[[ EXERCISE MATERIALS open ]]

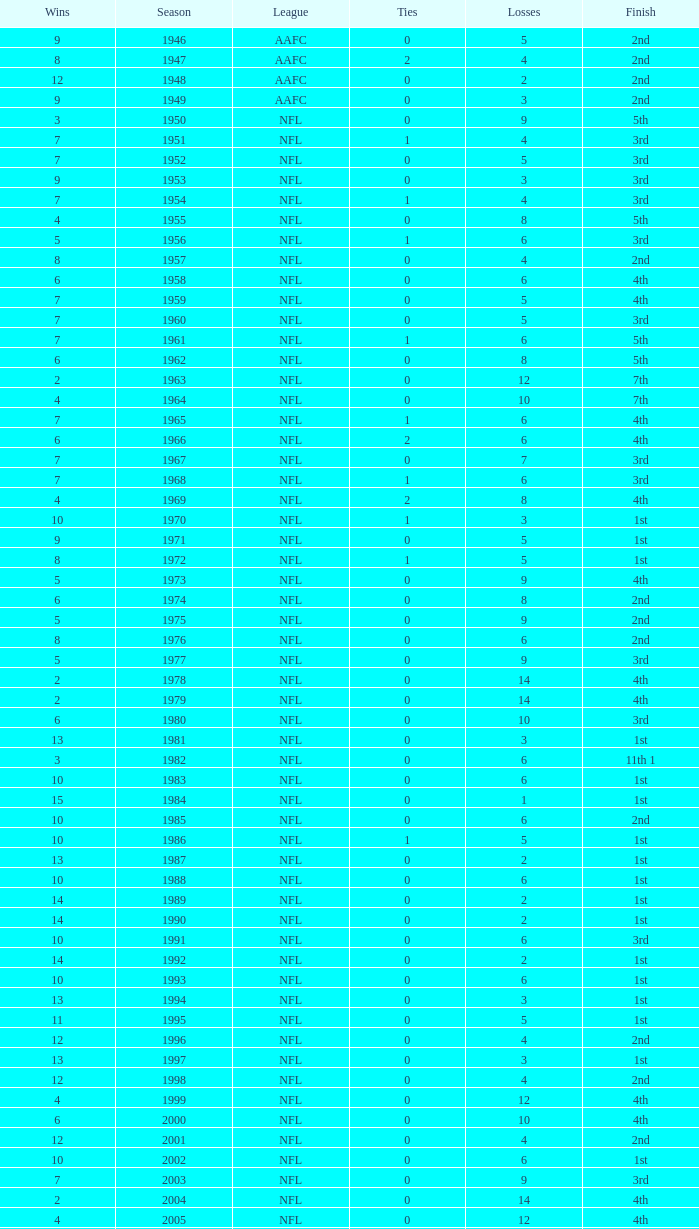What is the highest wins for the NFL with a finish of 1st, and more than 6 losses? None. 
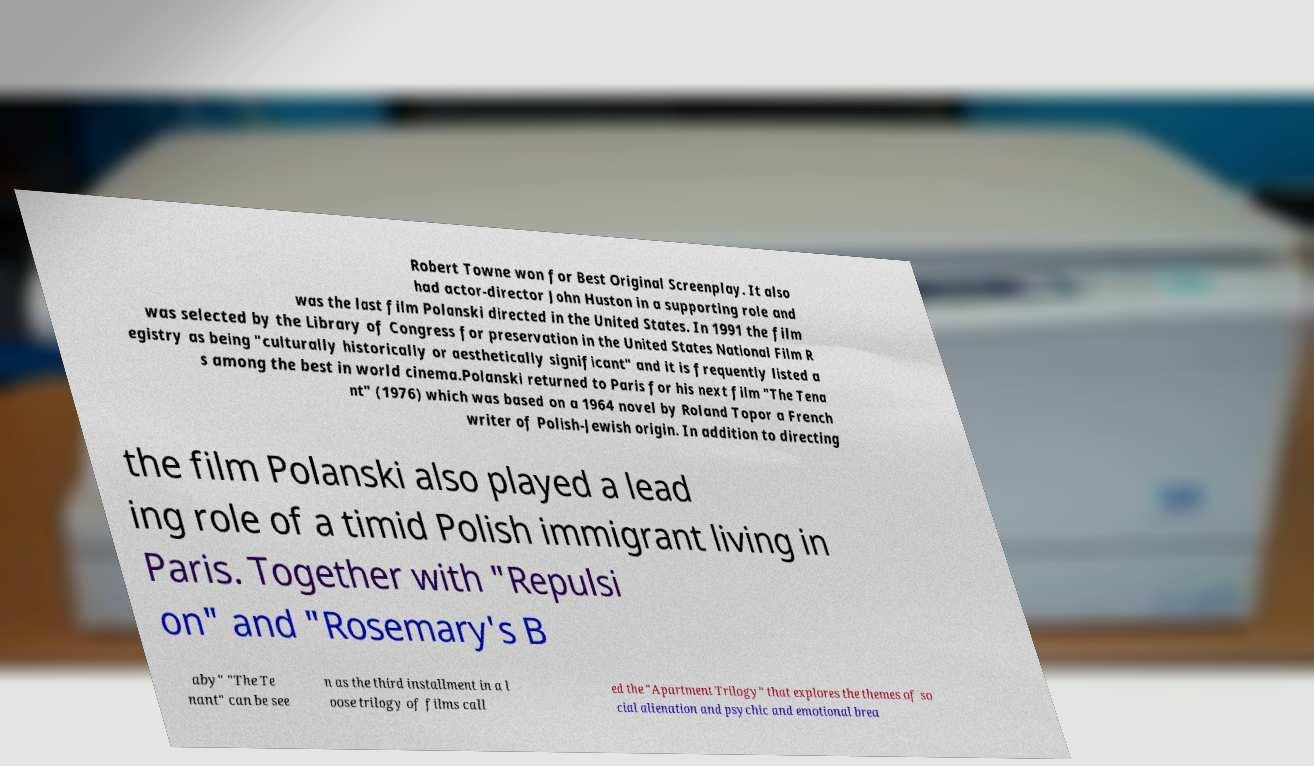Can you accurately transcribe the text from the provided image for me? Robert Towne won for Best Original Screenplay. It also had actor-director John Huston in a supporting role and was the last film Polanski directed in the United States. In 1991 the film was selected by the Library of Congress for preservation in the United States National Film R egistry as being "culturally historically or aesthetically significant" and it is frequently listed a s among the best in world cinema.Polanski returned to Paris for his next film "The Tena nt" (1976) which was based on a 1964 novel by Roland Topor a French writer of Polish-Jewish origin. In addition to directing the film Polanski also played a lead ing role of a timid Polish immigrant living in Paris. Together with "Repulsi on" and "Rosemary's B aby" "The Te nant" can be see n as the third installment in a l oose trilogy of films call ed the "Apartment Trilogy" that explores the themes of so cial alienation and psychic and emotional brea 
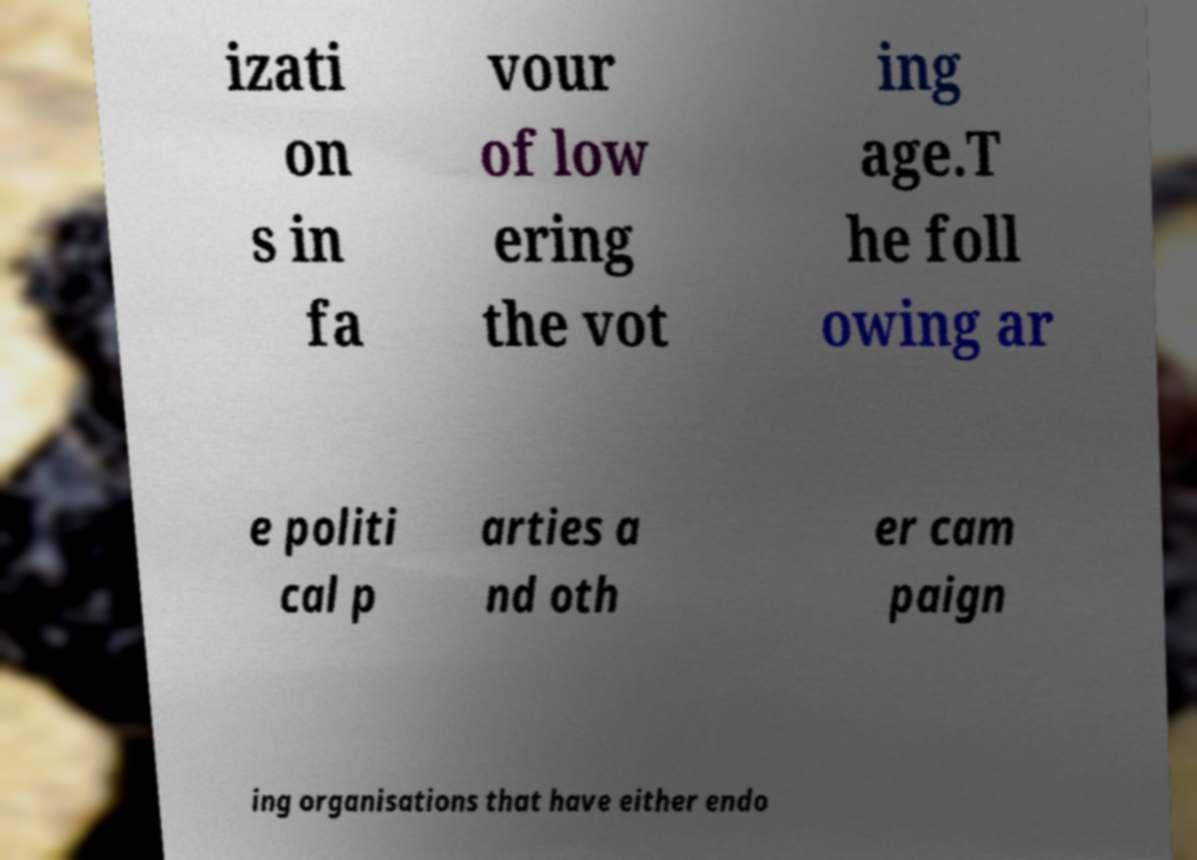Please read and relay the text visible in this image. What does it say? izati on s in fa vour of low ering the vot ing age.T he foll owing ar e politi cal p arties a nd oth er cam paign ing organisations that have either endo 
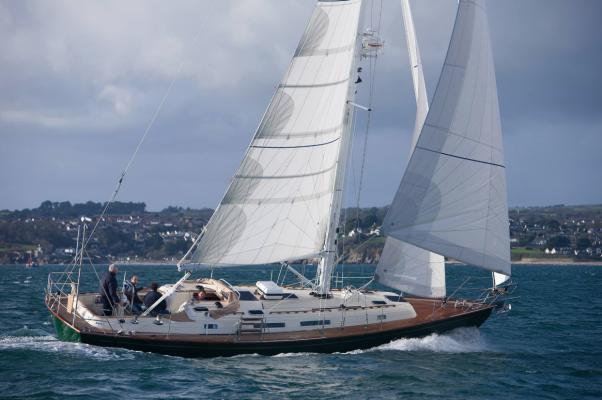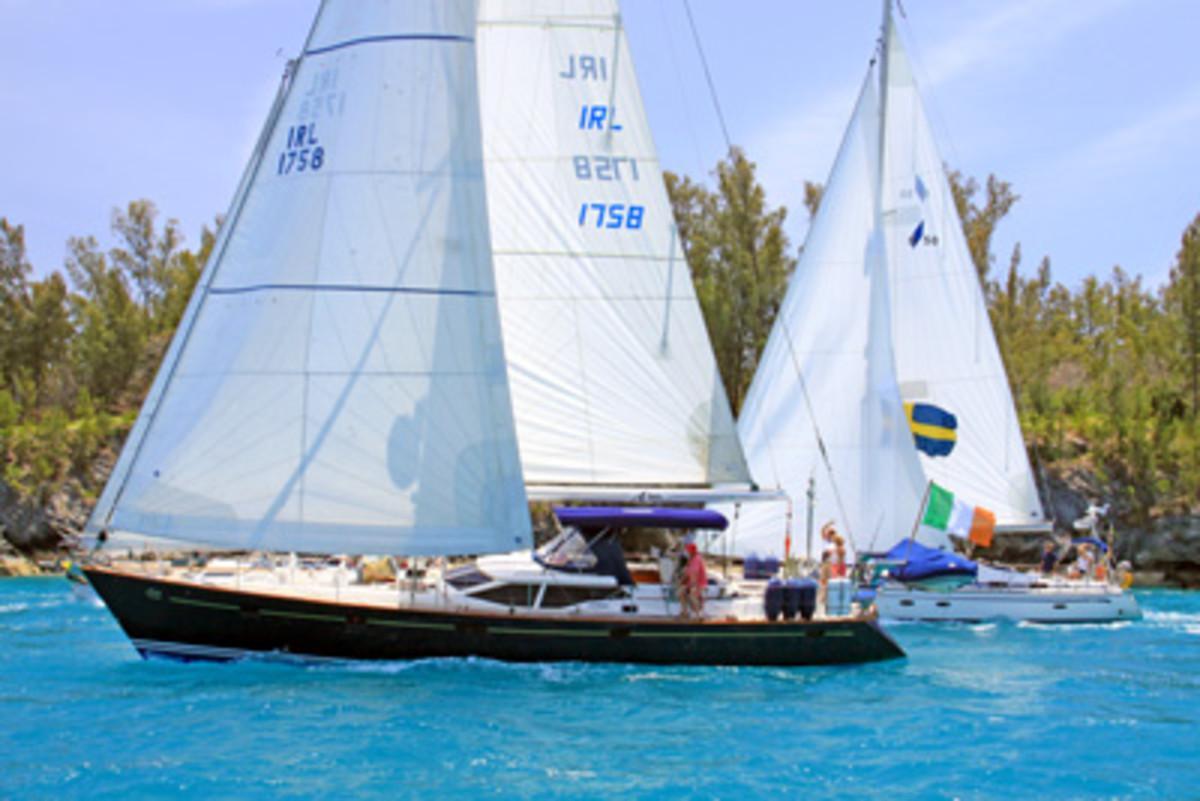The first image is the image on the left, the second image is the image on the right. Examine the images to the left and right. Is the description "The sail boat in the right image has three sails engaged." accurate? Answer yes or no. Yes. 
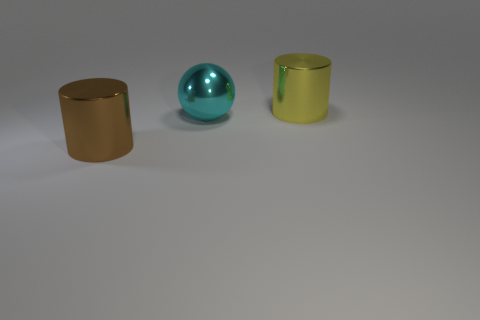How big is the object that is both to the left of the yellow metal object and behind the brown cylinder?
Provide a succinct answer. Large. What is the shape of the big cyan thing that is made of the same material as the brown cylinder?
Your response must be concise. Sphere. Are the big yellow thing and the object on the left side of the cyan metallic ball made of the same material?
Provide a succinct answer. Yes. Are there any big brown things in front of the shiny cylinder left of the large yellow metallic cylinder?
Your answer should be compact. No. There is a brown object that is the same shape as the yellow object; what is its material?
Make the answer very short. Metal. What number of large things are on the right side of the shiny cylinder on the right side of the large cyan sphere?
Provide a short and direct response. 0. Are there any other things of the same color as the shiny sphere?
Your response must be concise. No. How many objects are small gray things or large shiny balls that are to the left of the yellow cylinder?
Keep it short and to the point. 1. What material is the large cylinder to the left of the big thing behind the large sphere that is behind the large brown thing made of?
Provide a short and direct response. Metal. There is a cylinder that is the same material as the brown object; what is its size?
Keep it short and to the point. Large.

[[ EXERCISE MATERIALS closed ]]

AIM OF THE TASK
With the pictures left out, return each entry exactly as written.

TASK OUTPUT
What is the highest wins for the NFL with a finish of 1st, and more than 6 losses? None. 
Can you accurately transcribe the text from the provided image for me? Robert Towne won for Best Original Screenplay. It also had actor-director John Huston in a supporting role and was the last film Polanski directed in the United States. In 1991 the film was selected by the Library of Congress for preservation in the United States National Film R egistry as being "culturally historically or aesthetically significant" and it is frequently listed a s among the best in world cinema.Polanski returned to Paris for his next film "The Tena nt" (1976) which was based on a 1964 novel by Roland Topor a French writer of Polish-Jewish origin. In addition to directing the film Polanski also played a lead ing role of a timid Polish immigrant living in Paris. Together with "Repulsi on" and "Rosemary's B aby" "The Te nant" can be see n as the third installment in a l oose trilogy of films call ed the "Apartment Trilogy" that explores the themes of so cial alienation and psychic and emotional brea 
Please read and relay the text visible in this image. What does it say? izati on s in fa vour of low ering the vot ing age.T he foll owing ar e politi cal p arties a nd oth er cam paign ing organisations that have either endo 
The first image is the image on the left, the second image is the image on the right. Examine the images to the left and right. Is the description "The sail boat in the right image has three sails engaged." accurate? Answer yes or no. Yes. 
How big is the object that is both to the left of the yellow metal object and behind the brown cylinder?
Provide a succinct answer. Large. What is the shape of the big cyan thing that is made of the same material as the brown cylinder?
Your response must be concise. Sphere. Are the big yellow thing and the object on the left side of the cyan metallic ball made of the same material?
Provide a succinct answer. Yes. Are there any big brown things in front of the shiny cylinder left of the large yellow metallic cylinder?
Your answer should be compact. No. There is a brown object that is the same shape as the yellow object; what is its material?
Make the answer very short. Metal. What number of large things are on the right side of the shiny cylinder on the right side of the large cyan sphere?
Provide a short and direct response. 0. Are there any other things of the same color as the shiny sphere?
Your response must be concise. No. How many objects are small gray things or large shiny balls that are to the left of the yellow cylinder?
Keep it short and to the point. 1. What material is the large cylinder to the left of the big thing behind the large sphere that is behind the large brown thing made of?
Provide a short and direct response. Metal. There is a cylinder that is the same material as the brown object; what is its size?
Keep it short and to the point. Large.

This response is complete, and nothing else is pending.